- Your instructions:
Give only the number of lines in the records that include "Very".
------------------------------------
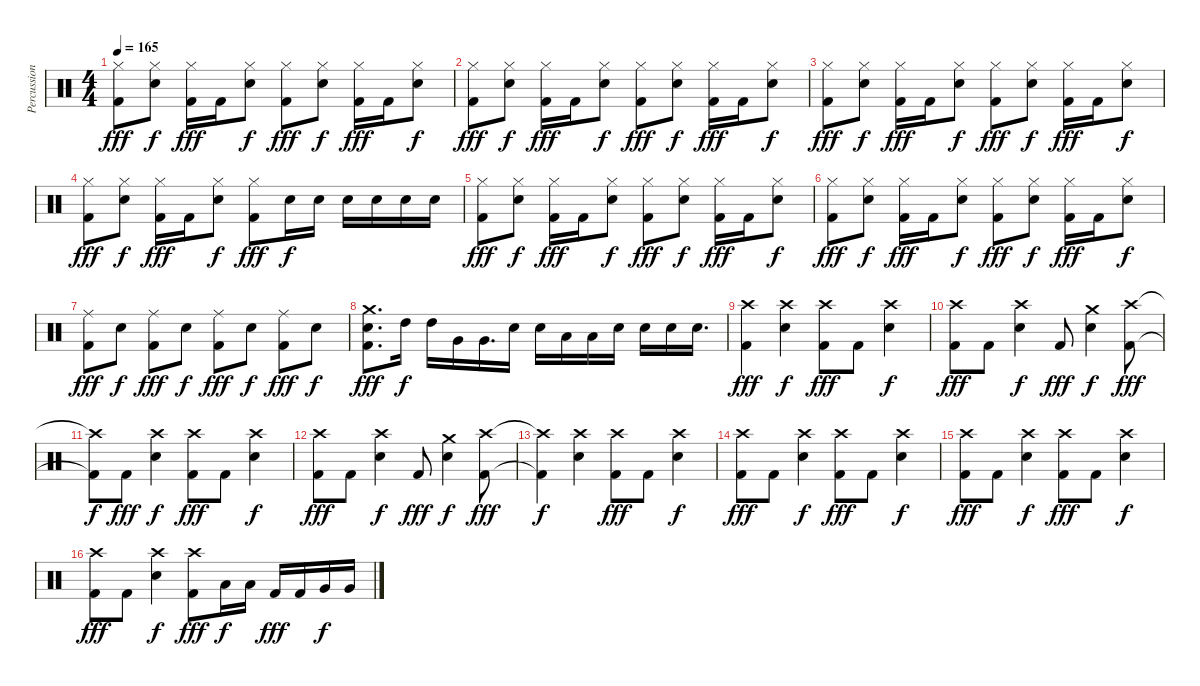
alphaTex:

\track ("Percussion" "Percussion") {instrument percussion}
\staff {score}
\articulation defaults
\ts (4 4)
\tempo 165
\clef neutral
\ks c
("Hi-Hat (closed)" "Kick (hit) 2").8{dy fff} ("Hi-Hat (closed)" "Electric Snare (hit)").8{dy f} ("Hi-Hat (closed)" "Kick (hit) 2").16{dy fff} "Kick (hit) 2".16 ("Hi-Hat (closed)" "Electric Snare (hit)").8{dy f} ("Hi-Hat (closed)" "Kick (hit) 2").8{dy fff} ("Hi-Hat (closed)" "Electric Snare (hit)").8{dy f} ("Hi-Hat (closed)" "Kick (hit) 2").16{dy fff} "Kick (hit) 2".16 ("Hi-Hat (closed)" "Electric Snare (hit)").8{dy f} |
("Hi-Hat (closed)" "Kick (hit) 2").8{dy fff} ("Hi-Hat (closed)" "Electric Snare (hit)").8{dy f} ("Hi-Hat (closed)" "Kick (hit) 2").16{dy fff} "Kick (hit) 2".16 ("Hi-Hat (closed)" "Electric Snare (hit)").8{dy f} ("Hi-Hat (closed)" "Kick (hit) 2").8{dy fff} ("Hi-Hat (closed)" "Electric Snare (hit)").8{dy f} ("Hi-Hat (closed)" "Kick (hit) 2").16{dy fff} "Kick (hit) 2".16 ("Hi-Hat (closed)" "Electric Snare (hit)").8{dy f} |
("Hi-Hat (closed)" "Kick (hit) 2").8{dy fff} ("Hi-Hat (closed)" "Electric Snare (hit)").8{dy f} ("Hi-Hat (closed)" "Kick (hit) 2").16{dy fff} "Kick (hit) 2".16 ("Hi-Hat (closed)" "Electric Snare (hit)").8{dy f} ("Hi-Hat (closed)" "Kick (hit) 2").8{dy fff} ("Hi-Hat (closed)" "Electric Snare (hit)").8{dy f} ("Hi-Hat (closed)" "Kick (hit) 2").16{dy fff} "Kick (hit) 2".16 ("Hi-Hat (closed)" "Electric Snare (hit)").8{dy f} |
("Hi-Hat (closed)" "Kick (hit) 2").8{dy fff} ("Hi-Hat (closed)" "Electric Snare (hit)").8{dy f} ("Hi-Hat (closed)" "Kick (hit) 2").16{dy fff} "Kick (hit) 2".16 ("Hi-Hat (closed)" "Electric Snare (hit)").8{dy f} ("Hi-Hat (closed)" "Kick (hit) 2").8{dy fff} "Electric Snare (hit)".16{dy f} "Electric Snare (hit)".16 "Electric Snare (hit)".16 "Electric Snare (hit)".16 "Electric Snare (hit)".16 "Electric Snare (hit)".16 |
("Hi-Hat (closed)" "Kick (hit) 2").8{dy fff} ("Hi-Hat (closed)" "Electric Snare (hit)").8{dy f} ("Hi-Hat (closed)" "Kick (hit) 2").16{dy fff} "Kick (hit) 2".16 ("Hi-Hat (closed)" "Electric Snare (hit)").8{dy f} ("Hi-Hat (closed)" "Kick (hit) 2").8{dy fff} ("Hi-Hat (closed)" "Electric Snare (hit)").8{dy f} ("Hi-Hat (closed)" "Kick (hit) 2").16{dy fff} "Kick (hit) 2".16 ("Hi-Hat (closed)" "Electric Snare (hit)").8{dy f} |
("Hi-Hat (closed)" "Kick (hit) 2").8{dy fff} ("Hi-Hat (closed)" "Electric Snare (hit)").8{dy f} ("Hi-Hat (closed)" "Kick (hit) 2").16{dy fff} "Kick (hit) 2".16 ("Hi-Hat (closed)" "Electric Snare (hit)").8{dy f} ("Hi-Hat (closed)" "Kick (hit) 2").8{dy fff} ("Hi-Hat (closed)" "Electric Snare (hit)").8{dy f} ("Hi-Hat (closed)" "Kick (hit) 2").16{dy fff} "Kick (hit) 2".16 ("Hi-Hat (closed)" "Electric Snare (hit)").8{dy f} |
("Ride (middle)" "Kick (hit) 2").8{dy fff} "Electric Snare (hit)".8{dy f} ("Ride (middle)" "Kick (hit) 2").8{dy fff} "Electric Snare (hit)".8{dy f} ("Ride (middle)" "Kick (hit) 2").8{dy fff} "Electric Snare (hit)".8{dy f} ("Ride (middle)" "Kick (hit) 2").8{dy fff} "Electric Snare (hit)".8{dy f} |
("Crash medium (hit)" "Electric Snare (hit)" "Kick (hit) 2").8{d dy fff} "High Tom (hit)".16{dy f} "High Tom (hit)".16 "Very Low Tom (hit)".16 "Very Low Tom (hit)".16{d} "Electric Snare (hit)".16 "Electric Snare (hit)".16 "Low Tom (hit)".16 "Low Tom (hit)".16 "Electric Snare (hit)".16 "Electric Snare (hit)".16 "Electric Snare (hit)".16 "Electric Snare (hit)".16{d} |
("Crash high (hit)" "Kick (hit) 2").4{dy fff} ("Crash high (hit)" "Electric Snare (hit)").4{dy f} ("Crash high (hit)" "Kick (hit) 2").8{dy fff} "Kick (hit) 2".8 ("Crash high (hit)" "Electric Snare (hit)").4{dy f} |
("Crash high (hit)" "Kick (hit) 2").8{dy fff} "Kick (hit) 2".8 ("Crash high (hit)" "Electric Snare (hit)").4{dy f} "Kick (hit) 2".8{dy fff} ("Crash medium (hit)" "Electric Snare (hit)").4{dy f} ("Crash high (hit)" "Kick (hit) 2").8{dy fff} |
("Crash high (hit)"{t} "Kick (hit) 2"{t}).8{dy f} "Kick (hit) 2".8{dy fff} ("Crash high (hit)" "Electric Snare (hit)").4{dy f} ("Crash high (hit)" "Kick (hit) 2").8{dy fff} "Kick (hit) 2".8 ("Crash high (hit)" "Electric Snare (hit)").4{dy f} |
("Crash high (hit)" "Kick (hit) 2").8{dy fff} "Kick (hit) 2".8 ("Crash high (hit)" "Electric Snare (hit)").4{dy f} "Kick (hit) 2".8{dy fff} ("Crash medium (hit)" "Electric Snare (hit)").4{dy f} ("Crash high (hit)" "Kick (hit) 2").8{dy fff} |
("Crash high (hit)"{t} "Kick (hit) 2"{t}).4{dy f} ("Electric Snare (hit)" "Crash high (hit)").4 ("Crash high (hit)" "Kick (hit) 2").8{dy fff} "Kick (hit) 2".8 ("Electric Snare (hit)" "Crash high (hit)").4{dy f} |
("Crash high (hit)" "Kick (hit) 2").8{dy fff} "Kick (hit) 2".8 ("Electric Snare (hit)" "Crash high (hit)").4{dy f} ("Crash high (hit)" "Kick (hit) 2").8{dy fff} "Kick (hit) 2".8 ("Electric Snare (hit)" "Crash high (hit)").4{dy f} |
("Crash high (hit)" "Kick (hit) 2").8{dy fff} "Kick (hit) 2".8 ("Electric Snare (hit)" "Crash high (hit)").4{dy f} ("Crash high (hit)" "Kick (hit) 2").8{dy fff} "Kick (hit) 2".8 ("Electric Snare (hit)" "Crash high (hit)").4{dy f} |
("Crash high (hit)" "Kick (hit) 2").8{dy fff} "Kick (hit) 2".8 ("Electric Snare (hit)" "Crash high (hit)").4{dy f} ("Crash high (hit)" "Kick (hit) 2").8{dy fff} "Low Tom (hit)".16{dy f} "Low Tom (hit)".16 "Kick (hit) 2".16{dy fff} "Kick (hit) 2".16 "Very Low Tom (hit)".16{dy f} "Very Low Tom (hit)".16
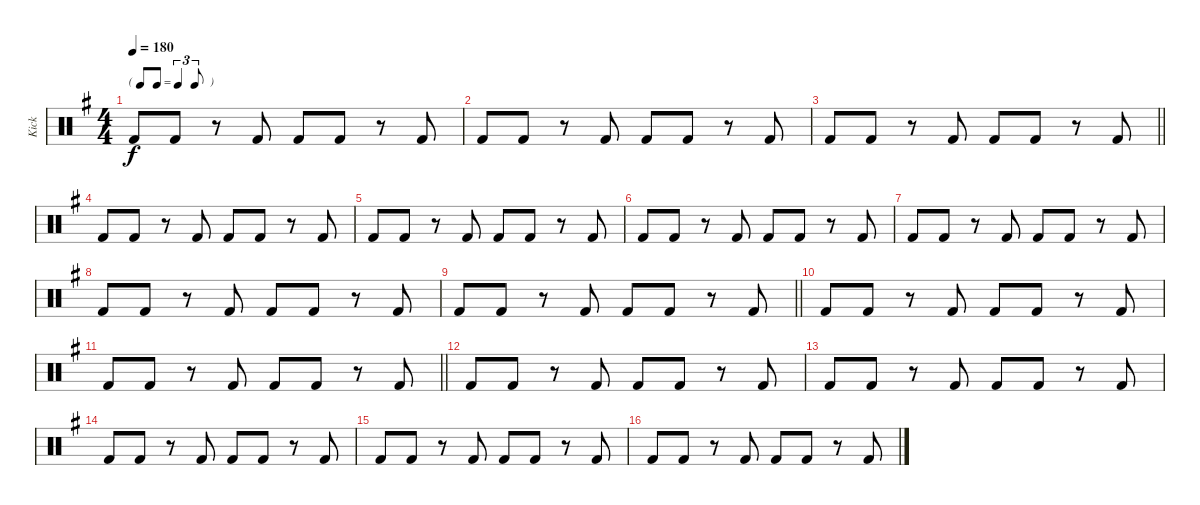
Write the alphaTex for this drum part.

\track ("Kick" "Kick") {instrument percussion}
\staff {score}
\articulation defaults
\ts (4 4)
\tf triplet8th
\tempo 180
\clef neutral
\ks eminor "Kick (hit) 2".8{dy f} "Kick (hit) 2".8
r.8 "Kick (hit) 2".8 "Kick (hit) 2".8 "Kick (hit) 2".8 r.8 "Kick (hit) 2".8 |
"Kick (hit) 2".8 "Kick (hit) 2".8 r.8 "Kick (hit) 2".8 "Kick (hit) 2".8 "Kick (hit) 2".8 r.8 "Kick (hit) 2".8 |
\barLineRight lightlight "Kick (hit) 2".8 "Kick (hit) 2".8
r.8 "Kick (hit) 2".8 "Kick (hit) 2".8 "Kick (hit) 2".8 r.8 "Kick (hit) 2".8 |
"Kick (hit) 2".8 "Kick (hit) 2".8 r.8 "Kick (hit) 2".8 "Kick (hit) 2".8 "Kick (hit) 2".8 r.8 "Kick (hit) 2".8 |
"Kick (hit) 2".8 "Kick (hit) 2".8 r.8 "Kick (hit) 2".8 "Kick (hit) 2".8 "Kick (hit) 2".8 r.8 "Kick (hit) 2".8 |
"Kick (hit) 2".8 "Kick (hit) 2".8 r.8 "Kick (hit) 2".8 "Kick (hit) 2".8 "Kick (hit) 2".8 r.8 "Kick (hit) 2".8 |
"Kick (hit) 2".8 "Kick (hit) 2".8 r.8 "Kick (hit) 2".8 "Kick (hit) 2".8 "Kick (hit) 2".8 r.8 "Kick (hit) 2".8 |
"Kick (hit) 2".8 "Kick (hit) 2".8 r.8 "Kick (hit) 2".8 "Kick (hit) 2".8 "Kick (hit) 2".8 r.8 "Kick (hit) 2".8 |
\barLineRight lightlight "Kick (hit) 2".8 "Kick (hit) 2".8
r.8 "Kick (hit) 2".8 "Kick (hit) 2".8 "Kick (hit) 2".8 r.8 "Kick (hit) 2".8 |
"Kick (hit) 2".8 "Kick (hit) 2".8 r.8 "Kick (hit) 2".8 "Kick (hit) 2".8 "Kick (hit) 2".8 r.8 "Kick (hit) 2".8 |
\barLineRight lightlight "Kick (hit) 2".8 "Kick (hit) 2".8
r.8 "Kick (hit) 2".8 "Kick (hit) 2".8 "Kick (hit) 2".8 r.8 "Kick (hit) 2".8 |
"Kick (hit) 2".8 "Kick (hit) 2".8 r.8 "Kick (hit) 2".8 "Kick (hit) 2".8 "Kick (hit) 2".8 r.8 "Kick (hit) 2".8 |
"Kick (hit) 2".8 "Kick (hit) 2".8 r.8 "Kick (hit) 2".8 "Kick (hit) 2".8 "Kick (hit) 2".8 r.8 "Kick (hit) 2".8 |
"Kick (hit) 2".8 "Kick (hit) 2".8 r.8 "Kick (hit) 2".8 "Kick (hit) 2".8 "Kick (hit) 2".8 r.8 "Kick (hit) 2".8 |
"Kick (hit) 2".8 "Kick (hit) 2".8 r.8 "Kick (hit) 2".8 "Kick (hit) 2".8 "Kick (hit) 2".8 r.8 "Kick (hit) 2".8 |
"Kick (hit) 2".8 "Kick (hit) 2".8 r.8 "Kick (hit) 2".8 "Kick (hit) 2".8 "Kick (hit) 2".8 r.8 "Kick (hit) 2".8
------------------------------------
- Answer space:
2